Попасть в тюремную картотеку плохо для всех проституток, а обвинение в сутенерстве грозит именно заключением, никакой надежды на амнистию. Это вроде клейма, лилии на теле. Если мне когда-нибудь удастся покончить со своей собачьей жизнью, я буду бороться против этого. Проституцию не запрещают, сутенерам позволяют сновать повсюду, а девчонок — в тюрьму? В какую же игру вы играете, господа? Из всех европейских стран Франция — самая ханжеская.

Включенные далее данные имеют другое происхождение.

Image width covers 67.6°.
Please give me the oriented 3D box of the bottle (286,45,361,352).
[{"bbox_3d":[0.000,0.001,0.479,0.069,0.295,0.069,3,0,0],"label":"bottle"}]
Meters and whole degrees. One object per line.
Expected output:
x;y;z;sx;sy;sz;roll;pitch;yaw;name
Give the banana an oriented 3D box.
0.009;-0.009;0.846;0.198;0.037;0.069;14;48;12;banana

Им остается считать Жана Паскаля Анри Марена своим собственным сутенером. И они правы. Мод занимается проституцией, чтобы освободить Жана от его мужского пола. Она занимается этим, чтобы дать ему возможность побыстрее сделать желанную операцию.

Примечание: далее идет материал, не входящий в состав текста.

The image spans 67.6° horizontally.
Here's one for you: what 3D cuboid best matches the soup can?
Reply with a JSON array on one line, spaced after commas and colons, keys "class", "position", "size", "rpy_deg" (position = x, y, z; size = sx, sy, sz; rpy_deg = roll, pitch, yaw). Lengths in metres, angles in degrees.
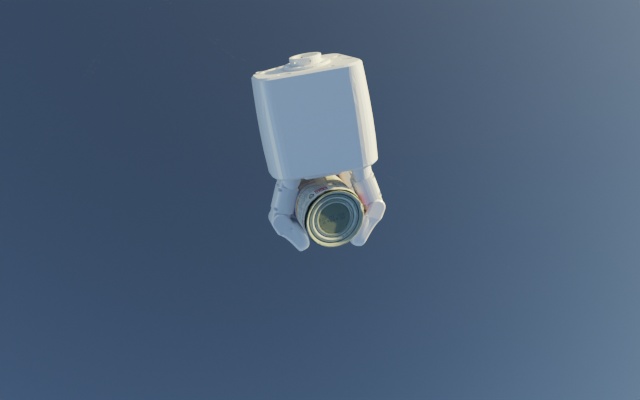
[{"class": "soup can", "position": [0.000, 0.002, 0.541], "size": [0.068, 0.068, 0.102], "rpy_deg": [0, 21, -20]}]

Мой доктор «по гормонам» очень обеспокоен. Четыре года лечения сильно меня изменили, я стала женственной, но профессия меня разрушает. Если я не перейду в самое ближайшее время к нормальным половым отношениям, то дело кончится плохо. Я больше так не могу. Мне рассказывали о Марокко, где какой-то хирург прославился своими поточными операциями по изменению пола. Настоящая мясная лавка, говорили мне. Соединенные Штаты? Передовая техника, но слишком далеко и слишком дорого для меня. Остается Бельгия.

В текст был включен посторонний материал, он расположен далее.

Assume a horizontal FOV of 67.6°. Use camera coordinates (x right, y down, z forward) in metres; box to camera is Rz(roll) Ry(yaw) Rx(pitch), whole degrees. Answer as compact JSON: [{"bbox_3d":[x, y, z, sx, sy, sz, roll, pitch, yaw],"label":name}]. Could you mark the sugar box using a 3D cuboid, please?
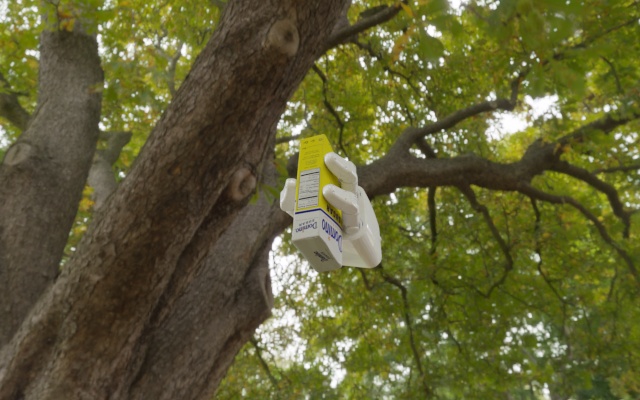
[{"bbox_3d":[0.001,0.002,0.677,0.048,0.176,0.093,-13,-38,16],"label":"sugar box"}]

Я подсчитываю свои деньги, сэкономленные ценой своей боли, наконец решаюсь.
Голос доктора Мишеля Т. звучит спокойно, серьезно, обнадеживающе. У него типичный бельгийский акцент, он обещает принять меня в июне, и если все окажется в порядке, то можно в октябре оперировать.
Надежда окрыляет меня. После исчезновения Жана необходимо будет заняться исчезновением и его личности. Мне всегда хотелось быть Мод. В один прекрасный день я смогу подписаться этим именем.
— Симон, послушай, в октябре я стану женщиной. Во Франции теперь новый президент, возможно, он поможет мне изменить запись в актах гражданского состояния. Симон? Милый ты мой Симон, ты меня слышишь?
Симон в палате один. Это его последняя схватка за жизнь. Я пришла навестить его и рассказать о себе. Симон погибает от тысячи болезней, вызванных раком. Мой защитник, мой друг, мой отец, он уже меня не видит. Взгляд его блуждает где-то далеко, жизнь покидает его. Он покорно переносит многочисленные дополнительные операции, которые, по словам врачей, облегчают его страдания. Я пришла в белом платье, чтобы слегка порадовать его. Мне удалось пронести бутылку бордо — он его обожает. Я глажу седые волосы, рассыпавшиеся по подушке. Я его теряю. Хриплым голосом, в котором уже почти не слышно корсиканского акцента, он еще раз советует мне: «Будь осторожна, моя маленькая, тебя видели, когда ты танцевала с сутенером, будь осторожна, потому что очень легко потерять независимость. Ты и твоя подружка, вы безмозглые птички, она хочет освободиться от своего сутенера, а ты вообще не хочешь его иметь. Вы мне доставляете много хлопот…»
— Симон, в этом году я стану женщиной, настоящей…
— Я знаю, у тебя будет квартира, телефон, и ты сможешь работать, ни в ком не нуждаясь… Но это в будущем, а пока что побереги себя! Когда меня не станет, не попадись в лапы к мужикам! Я тебя слишком хорошо изучил. Ты не захочешь платить, а когда не платят, сама знаешь, что бывает…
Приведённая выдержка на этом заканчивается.